Wet grassland is a habitat that forms on flat or sloping ground on wet or waterlogged soils that are poorly drained or subject to seasonal or periodic flooding. Wet grassland often contains abundant rushes and grasses such as Yorkshire Fog, Creeping Bent and Marsh Foxtail.
Wet grassland is distinguished from marsh when the grass, sedge and rush component is greater than 50% of the vegetation cover.
This habitat was formerly widespread in lowland meadows that flooded in the winter.
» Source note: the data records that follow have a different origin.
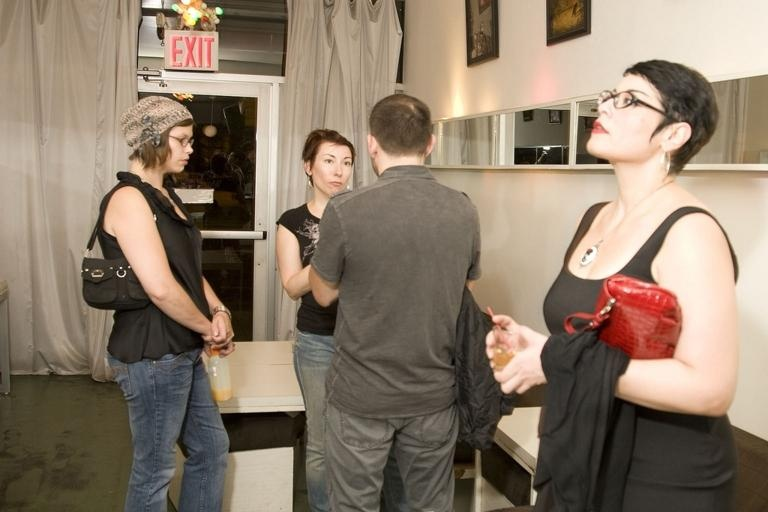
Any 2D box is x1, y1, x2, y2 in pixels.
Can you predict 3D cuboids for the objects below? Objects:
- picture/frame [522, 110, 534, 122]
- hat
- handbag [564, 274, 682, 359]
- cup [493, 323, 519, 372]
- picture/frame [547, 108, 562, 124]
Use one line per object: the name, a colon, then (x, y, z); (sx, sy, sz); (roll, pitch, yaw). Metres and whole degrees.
picture/frame: (0.807, -0.791, 2.966); (0.011, 0.078, 0.079); (-7, 7, -29)
hat: (-0.998, -0.571, 2.348); (0.288, 0.240, 0.242); (-3, 5, -17)
handbag: (0.664, 0.189, 1.500); (0.226, 0.230, 0.244); (16, 41, 6)
cup: (0.370, 0.297, 1.677); (0.068, 0.116, 0.117); (-5, 5, 5)
picture/frame: (0.884, -0.737, 2.773); (0.017, 0.070, 0.067); (-7, 11, -44)

River drainage and embankment has severely disrupted and in many cases eliminated the wetland nature of floodplains and this has led to the disappearance of wet grassland meadows.
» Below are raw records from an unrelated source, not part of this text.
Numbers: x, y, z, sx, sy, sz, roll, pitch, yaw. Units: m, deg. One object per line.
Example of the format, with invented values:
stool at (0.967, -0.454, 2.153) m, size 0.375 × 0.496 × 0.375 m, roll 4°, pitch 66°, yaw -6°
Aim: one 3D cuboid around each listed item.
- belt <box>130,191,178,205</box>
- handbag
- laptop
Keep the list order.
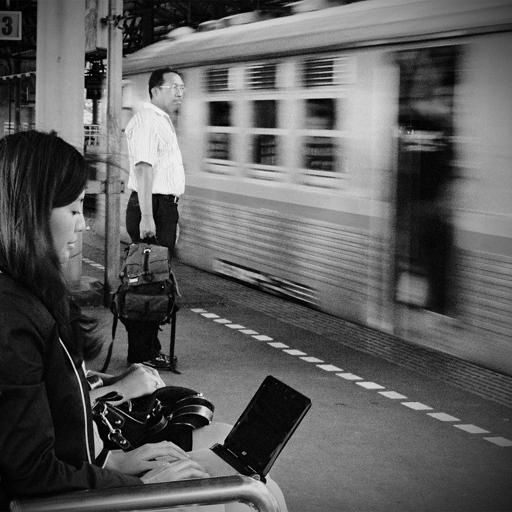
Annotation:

Wet grassland can be recreated even on a small scale by blocking drainage channels.
- Wet grassland can be maintained by ensuring that the site is wet for at least part of the year.
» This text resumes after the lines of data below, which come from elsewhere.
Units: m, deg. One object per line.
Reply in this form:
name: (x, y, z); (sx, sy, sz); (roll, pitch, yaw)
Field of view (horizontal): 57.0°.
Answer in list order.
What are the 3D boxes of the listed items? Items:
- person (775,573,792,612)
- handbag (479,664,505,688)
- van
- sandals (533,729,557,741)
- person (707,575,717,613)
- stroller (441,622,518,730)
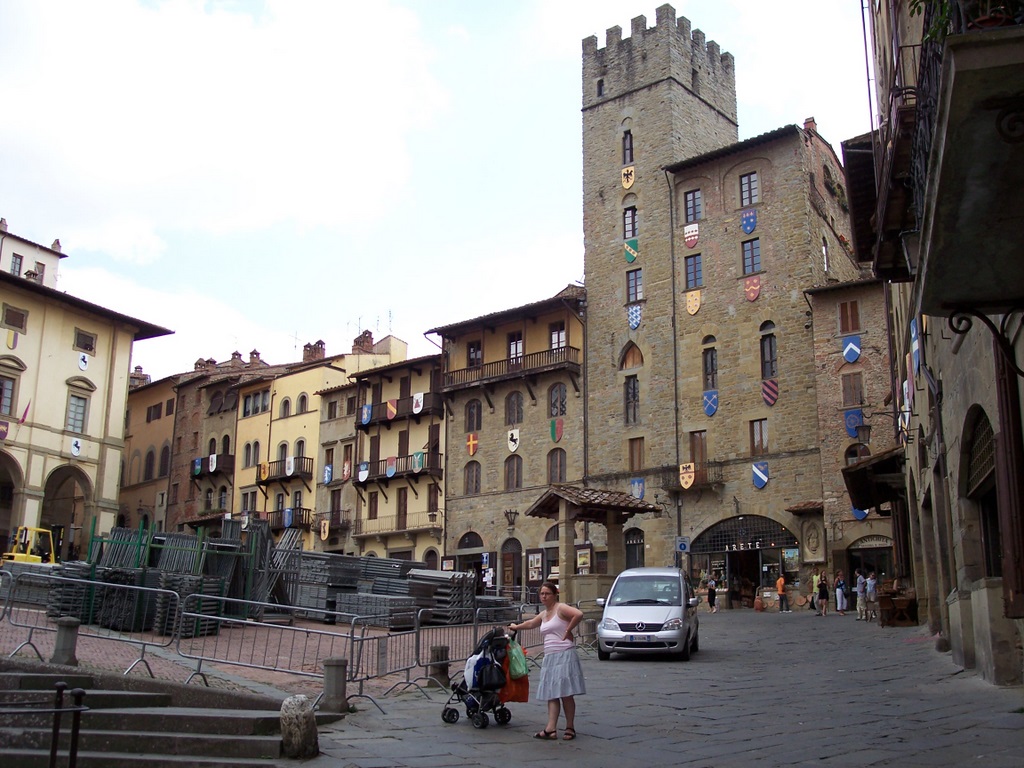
person: (10.738, 8.210, 37.268); (0.486, 1.378, 1.791); (-6, -17, 15)
handbag: (-0.254, 3.693, 11.910); (0.318, 0.302, 0.153); (-1, -16, -3)
van: (3.045, 4.990, 20.496); (1.361, 1.192, 2.473); (-5, -20, 16)
sandals: (0.403, 4.161, 11.193); (0.241, 0.099, 0.106); (0, -19, 20)
person: (8.386, 8.640, 39.476); (0.387, 1.502, 1.461); (-6, -17, 14)
stroller: (-0.565, 3.916, 12.706); (1.161, 1.840, 1.085); (0, -17, 8)

- Grazing can help to control encroachment by willows.
Wet grassland is an important habitat for a range of grass species such as Rough Meadow-grass and Tufted Hair-grass that have become increasingly scarce in modern farmland.
A range of herbs such as Creeping Buttercup, Marsh Thistle, Silverweed and Meadowsweet frequently occur in the habitat and Cuckooflower or Lady’s Smock, the foodplant of the Orange-tip Butterfly is often common. Several bird species such as Lapwing, Curlew and Snipe feed in wet grassland.